What is going on here?
You're not actually adding a new axes.
Matplotlib is detecting that there's already a plot in that position and returning it instead of a new axes object.
(Check it for yourself. ax and newax will be the same object.)
There's probably not a reason why you'd want to, but here's how you'd do it.
(Also, don't call newax = plt.axes() and then call fig.add_subplot(newax) You're doing the same thing twice.)
Edit: With newer (>=1.2, I think?) versions of matplotlib, you can accomplish the same thing as the example below by using the label kwarg to fig.add_subplot. E.g. newax = fig.add_subplot(111, label='some unique string')
import matplotlib.pyplot as plt
fig = plt.figure()
ax = fig.add_subplot(1,1,1)
# If you just call `plt.axes()` or equivalently `fig.add_subplot()` matplotlib
# will just return `ax` again. It _won't_ create a new axis unless we
# call fig.add_axes() or reset fig._seen
newax = fig.add_axes(ax.get_position(), frameon=False)
ax.plot(range(10), 'r-')
newax.plot(range(50), 'g-')
newax.axis('equal')
plt.show()
Of course, this looks awful, but it's what you're asking for...
I'm guessing from your earlier questions that you just want to add a second x-axis? If so, this is a completely different thing.
If you want the y-axes linked, then do something like this (somewhat verbose...):
import matplotlib.pyplot as plt
fig, ax = plt.subplots()
newax = ax.twiny()
# Make some room at the bottom
fig.subplots_adjust(bottom=0.20)
# I'm guessing you want them both on the bottom...
newax.set_frame_on(True)
newax.patch.set_visible(False)
newax.xaxis.set_ticks_position('bottom')
newax.xaxis.set_label_position('bottom')
newax.spines['bottom'].set_position(('outward', 40))
ax.plot(range(10), 'r-')
newax.plot(range(21), 'g-')
ax.set_xlabel('Red Thing')
newax.set_xlabel('Green Thing')
plt.show()
If you want to have a hidden, unlinked y-axis, and an entirely new x-axis, then you'd do something like this:
import matplotlib.pyplot as plt
import numpy as np
fig, ax = plt.subplots()
fig.subplots_adjust(bottom=0.2)
newax = fig.add_axes(ax.get_position())
newax.patch.set_visible(False)
newax.yaxis.set_visible(False)
for spinename, spine in newax.spines.iteritems():
if spinename != 'bottom':
spine.set_visible(False)
newax.spines['bottom'].set_position(('outward', 25))
ax.plot(range(10), 'r-')
x = np.linspace(0, 6*np.pi)
newax.plot(x, 0.001 * np.cos(x), 'g-')
plt.show()
Note that the y-axis values for anything plotted on newax are never shown.
If you wanted, you could even take this one step further, and have independent x and y axes (I'm not quite sure what the point of it would be, but it looks neat...):
import matplotlib.pyplot as plt
import numpy as np
fig, ax = plt.subplots()
fig.subplots_adjust(bottom=0.2, right=0.85)
newax = fig.add_axes(ax.get_position())
newax.patch.set_visible(False)
newax.yaxis.set_label_position('right')
newax.yaxis.set_ticks_position('right')
newax.spines['bottom'].set_position(('outward', 35))
ax.plot(range(10), 'r-')
ax.set_xlabel('Red X-axis', color='red')
ax.set_ylabel('Red Y-axis', color='red')
x = np.linspace(0, 6*np.pi)
newax.plot(x, 0.001 * np.cos(x), 'g-')
newax.set_xlabel('Green X-axis', color='green')
newax.set_ylabel('Green Y-axis', color='green')
plt.show()
You can also just add an extra spine at the bottom of the plot.
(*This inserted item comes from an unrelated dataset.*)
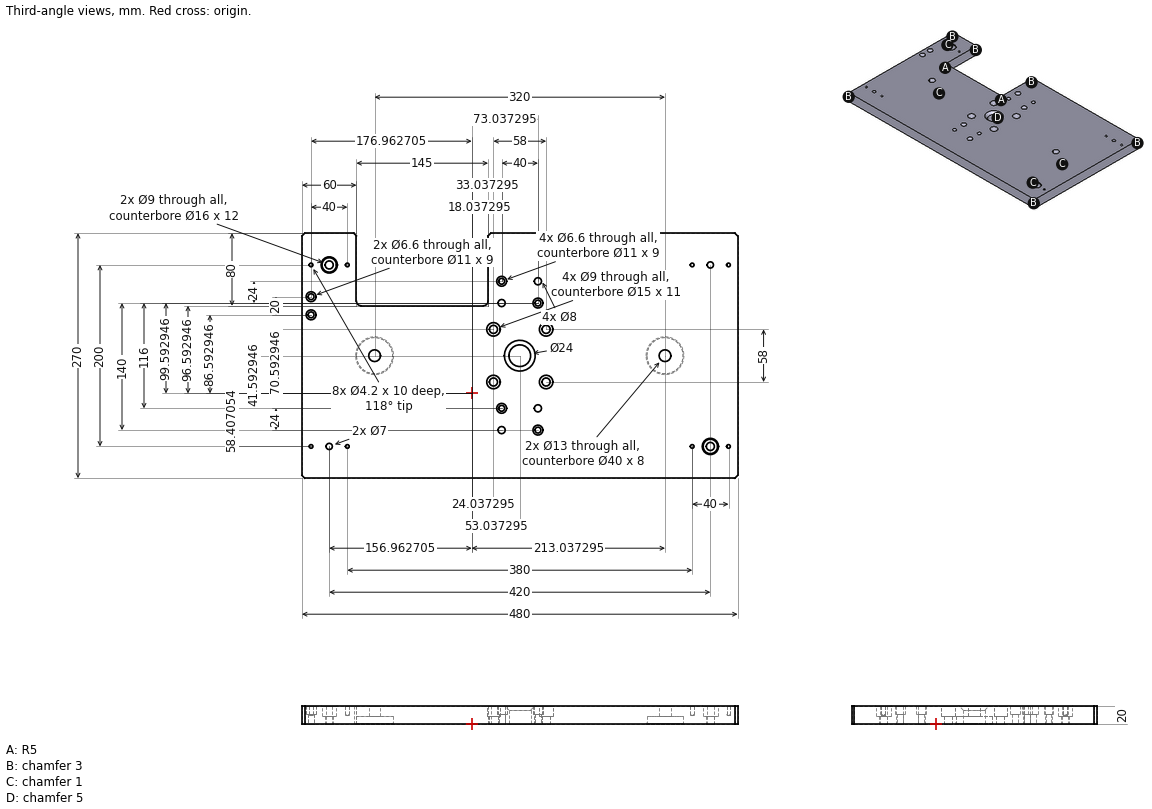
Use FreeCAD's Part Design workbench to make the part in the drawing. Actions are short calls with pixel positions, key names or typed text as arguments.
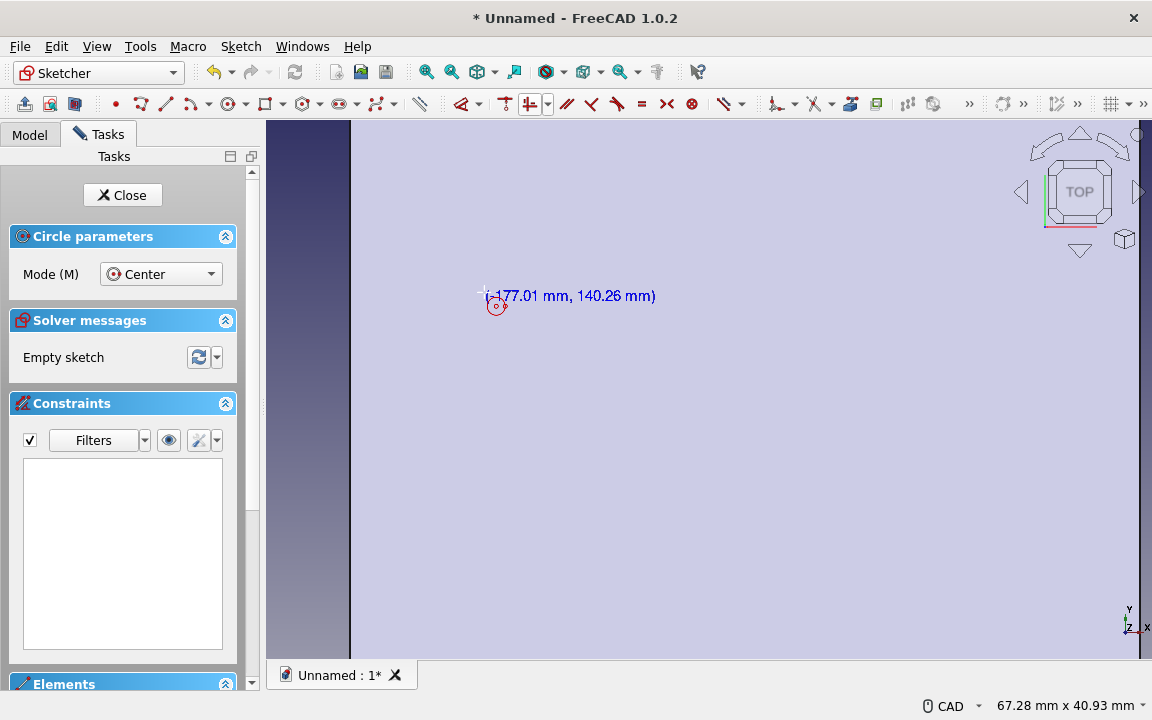
scroll(410, 292, down, 13)

Sometimes this is easier, especially if you don't want ticks or numerical things along it. Not to plug one of my own answers too much, but there's an example of that here: How do I plot multiple X or Y axes in matplotlib?
As one last thing, be sure to look at the parasite axes examples if you want to have the different x and y axes linked through a specific transformation.